TikTokの親会社であるバイトダンス(Bytedance)は9月21日、新会社の「TikTokグローバル」について、同社は最初、バイトダンスの100%子会社として設立されると発表。設立後、TikTokグローバルはPre-IPOラウンドでの資金調達を予定しており、その後、バイトダンスが80%の株式を保有する子会社になるという。新規出資者のオラクル(Oracle)とウォルマート(Walmart)は、残りの株式20%を取得する見込みだ(それぞれの保有率は12.5%と7.5%)。こうした動きは、米国がTikTokに要求する、過半数所有の条件を満たすものとして位置づけられていると、多くのメディアが報じている。というのも、すでにバイトダンスは米国の投資家を複数獲得しており、これにより米国が所有する株式の総保有率は、結果的に約53%になるといわれているからだ(とはいえ、トランプ大統領は9月21日のフォックスニュースのインタビューで、TikTokが米国の完全な支配下に入らないかぎり、トランプ政権がこの取引を、完全に承認することはないと述べている)。

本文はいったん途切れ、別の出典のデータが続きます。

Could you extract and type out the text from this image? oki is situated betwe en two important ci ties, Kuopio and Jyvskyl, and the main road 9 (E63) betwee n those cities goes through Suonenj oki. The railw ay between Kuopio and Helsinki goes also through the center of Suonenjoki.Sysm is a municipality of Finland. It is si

「クラウドとテクノロジーの、信頼できるプロバイダー」として、オラクルには、TikTokの米国におけるソフトウェアのソースコードを検査する許可が与えられている。しかしながら、バイトダンスは、9月21日に声明を発表し、現在のプランにはTikTokの要ともいえるコンテンツレコメンデーションアルゴリズムをはじめとする、さまざまな技術を米中間で移転することは盛り込まれていないとしている。また、いまのところTikTokは、中国の所有権から完全に切り離されているわけではない。それを考えると、現在のタームシート(条件規定書)に書かれている方向性が、果たして米国が抱く、国家安全上の潜在的懸念を晴らすものなのかは定かではない。さらに、この取引の成立には、中国当局の承認も必要になるという。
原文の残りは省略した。